#### Problem to work on:
Below are some records; state how many of their lines contain the word "horizontal", and add nothing.

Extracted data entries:
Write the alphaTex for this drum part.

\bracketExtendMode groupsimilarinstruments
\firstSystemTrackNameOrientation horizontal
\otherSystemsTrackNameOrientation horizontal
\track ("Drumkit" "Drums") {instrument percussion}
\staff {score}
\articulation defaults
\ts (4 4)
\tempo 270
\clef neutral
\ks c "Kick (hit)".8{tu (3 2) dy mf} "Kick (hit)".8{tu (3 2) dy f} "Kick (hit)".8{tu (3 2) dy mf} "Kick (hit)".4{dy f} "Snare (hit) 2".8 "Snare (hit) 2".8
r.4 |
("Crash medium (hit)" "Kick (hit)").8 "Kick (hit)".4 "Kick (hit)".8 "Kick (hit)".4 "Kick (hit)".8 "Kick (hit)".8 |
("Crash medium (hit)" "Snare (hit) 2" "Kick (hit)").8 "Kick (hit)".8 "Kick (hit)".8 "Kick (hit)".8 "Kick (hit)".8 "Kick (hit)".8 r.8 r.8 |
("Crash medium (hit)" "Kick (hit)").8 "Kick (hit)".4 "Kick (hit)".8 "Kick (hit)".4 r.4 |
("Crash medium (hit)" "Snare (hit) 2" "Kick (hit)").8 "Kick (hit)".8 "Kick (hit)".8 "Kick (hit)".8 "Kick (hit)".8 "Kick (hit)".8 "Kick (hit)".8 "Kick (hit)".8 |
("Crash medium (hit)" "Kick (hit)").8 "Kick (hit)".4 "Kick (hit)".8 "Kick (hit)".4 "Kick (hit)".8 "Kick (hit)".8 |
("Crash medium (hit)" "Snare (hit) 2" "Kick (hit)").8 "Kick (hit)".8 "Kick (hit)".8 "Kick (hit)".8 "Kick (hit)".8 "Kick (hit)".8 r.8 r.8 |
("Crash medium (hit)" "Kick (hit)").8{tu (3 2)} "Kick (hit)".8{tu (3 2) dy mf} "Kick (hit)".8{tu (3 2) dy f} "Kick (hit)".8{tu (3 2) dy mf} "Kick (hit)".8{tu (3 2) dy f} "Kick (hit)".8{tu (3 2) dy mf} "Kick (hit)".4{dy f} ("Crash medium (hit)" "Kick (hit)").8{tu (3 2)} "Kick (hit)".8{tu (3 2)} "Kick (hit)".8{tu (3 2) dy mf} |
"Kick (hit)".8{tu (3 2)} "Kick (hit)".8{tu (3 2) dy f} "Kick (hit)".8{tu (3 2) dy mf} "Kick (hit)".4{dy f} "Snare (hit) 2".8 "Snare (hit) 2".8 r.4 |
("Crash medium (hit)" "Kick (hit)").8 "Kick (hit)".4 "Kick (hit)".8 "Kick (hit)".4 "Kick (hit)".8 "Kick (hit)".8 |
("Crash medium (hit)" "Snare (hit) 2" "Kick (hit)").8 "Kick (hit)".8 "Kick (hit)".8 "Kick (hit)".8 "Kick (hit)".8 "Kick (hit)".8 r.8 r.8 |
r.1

#### Response for this exercise:
2